# aponogeton flowering



## Ownager2004 (Apr 4, 2005)

My aponogetons are sending shoots to the surface and one has started growing a flower already while two other will likely be tommorow. Is it possible to collect seeds and grow them? If so can anyone provide information on pollinating and growing... Thanks

ps i searched on google and couldn't come up with anything.

:roll:


----------



## Damon (Jan 18, 2005)

A lady's cosmetic brush (the smaller the better) is great for pollinating them. Lightly brush one and then the other once they have flowered. Do this at least twice and gently. The seeds will usually fall into the aquarium in a week or so. Check daily for them as most fish will eat them.


----------



## TheOldSalt (Jan 28, 2005)

I've done that lots of times, but I've never seen any seeds. However, I've gotten lots of baby plants, so it must have worked.
In fact, I have two Aponogeton tanks right now which are chock full of tiny little young plants, and in one of those tanks I didn't even bother trying to pollinate them. They just bumped into each other, I guess. For the past month or so I've had several blooms in ,er, bloom, at any given time, and they're so plentiful that they're growing right up against each other in some cases.

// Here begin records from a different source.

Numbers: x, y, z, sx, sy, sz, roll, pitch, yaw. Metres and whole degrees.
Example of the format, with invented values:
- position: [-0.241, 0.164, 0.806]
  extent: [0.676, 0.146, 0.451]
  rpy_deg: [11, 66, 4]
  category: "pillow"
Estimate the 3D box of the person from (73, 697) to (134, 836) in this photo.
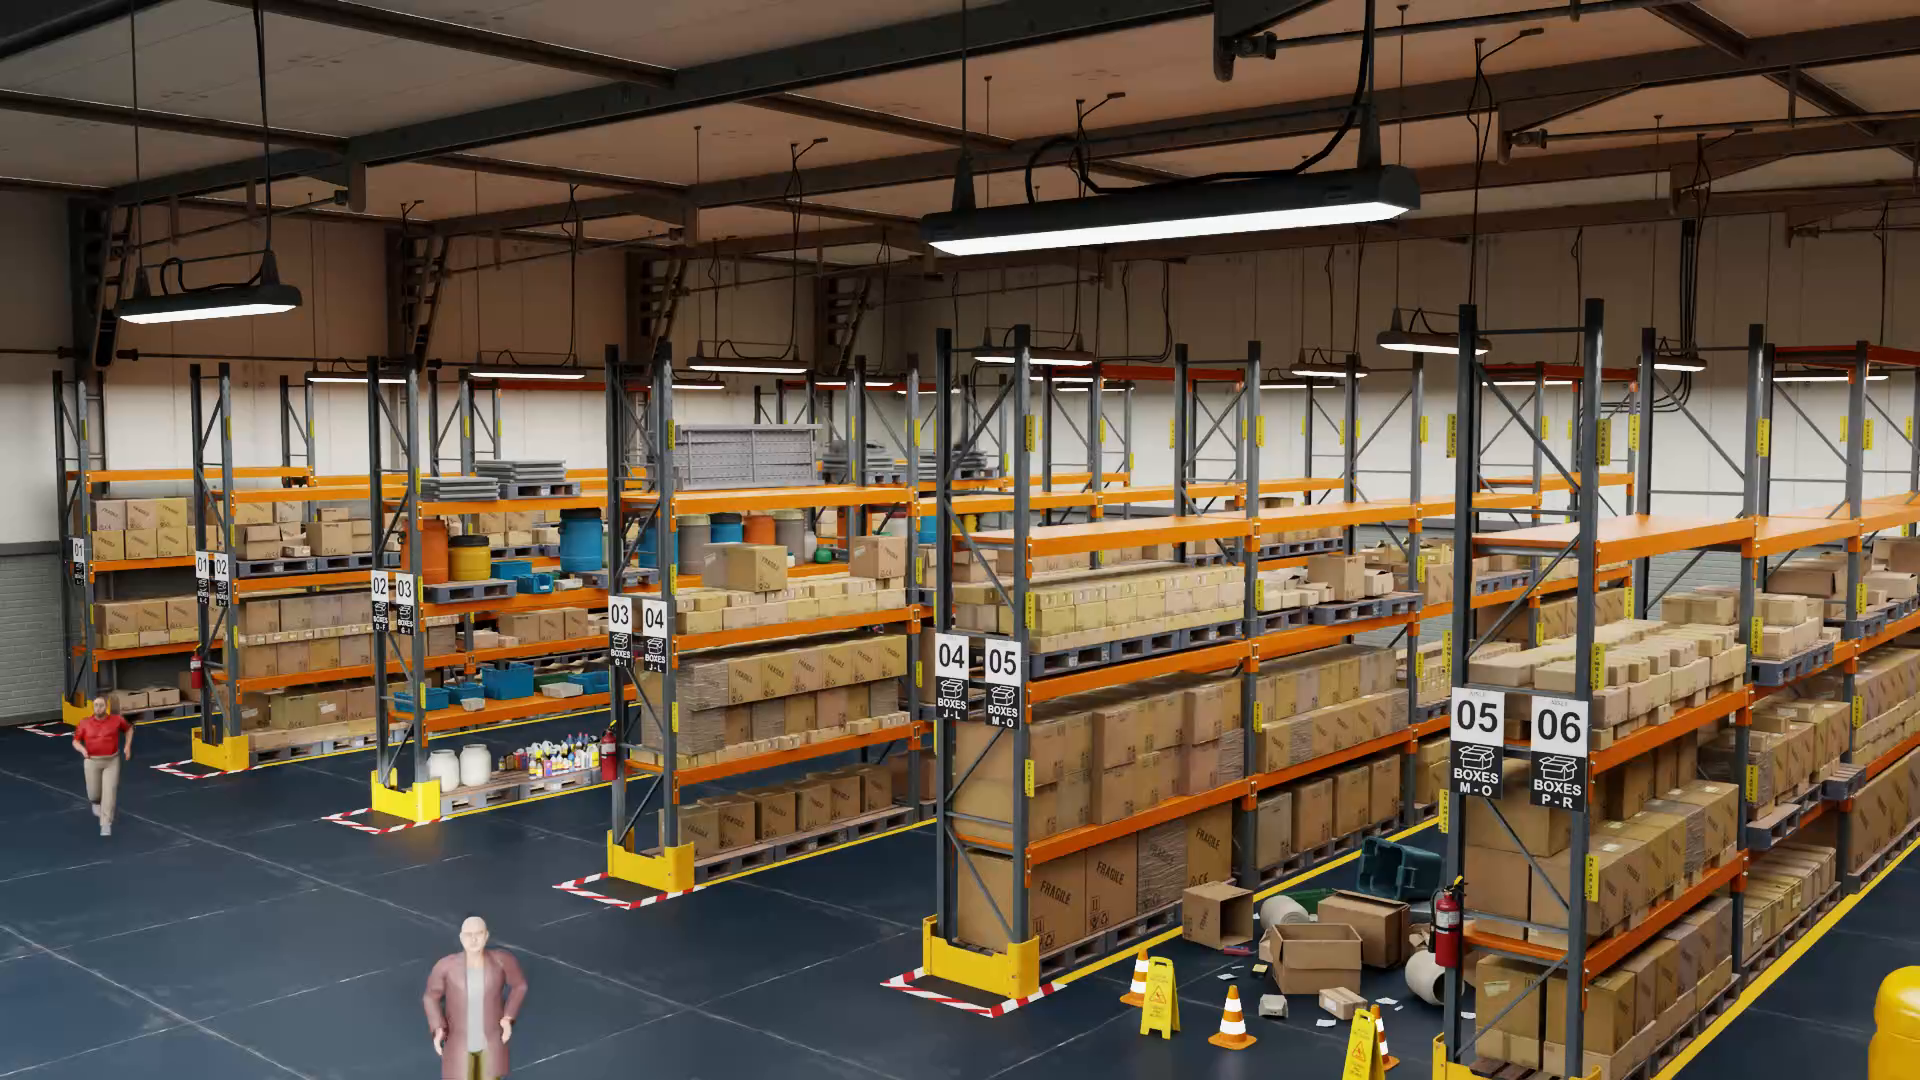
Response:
- position: [-10.746, 2.808, 20.842]
  extent: [0.658, 1.688, 1.006]
  rpy_deg: [-2, 5, -24]
  category: "person"

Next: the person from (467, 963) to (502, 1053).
- position: [-3.353, 3.600, 11.552]
  extent: [0.620, 1.482, 0.756]
  rpy_deg: [-1, 4, -17]
  category: "person"

Since the baby plants don't have bulbs to feed them, I add "Natural Aquarium Vital" to the tanks, and they are growing like crazy, and these tanks have undergravel filters in use!

Now if I can just get my Marimo ball to get with the program...


----------



## Ownager2004 (Apr 4, 2005)

Ok so if i find some small plants growing would it be a good idea to transfer to like a 2L bottle and sit on a window sill? I dont really have any means of getting fertilizers as i haven't seen any in LFS... and dont feel like ordering online. Are there any DIY routes that i can get by with for fertilizer? If i put waste water from gravel vacs from main tank into the plant water would that be a sort of fertilizer?


----------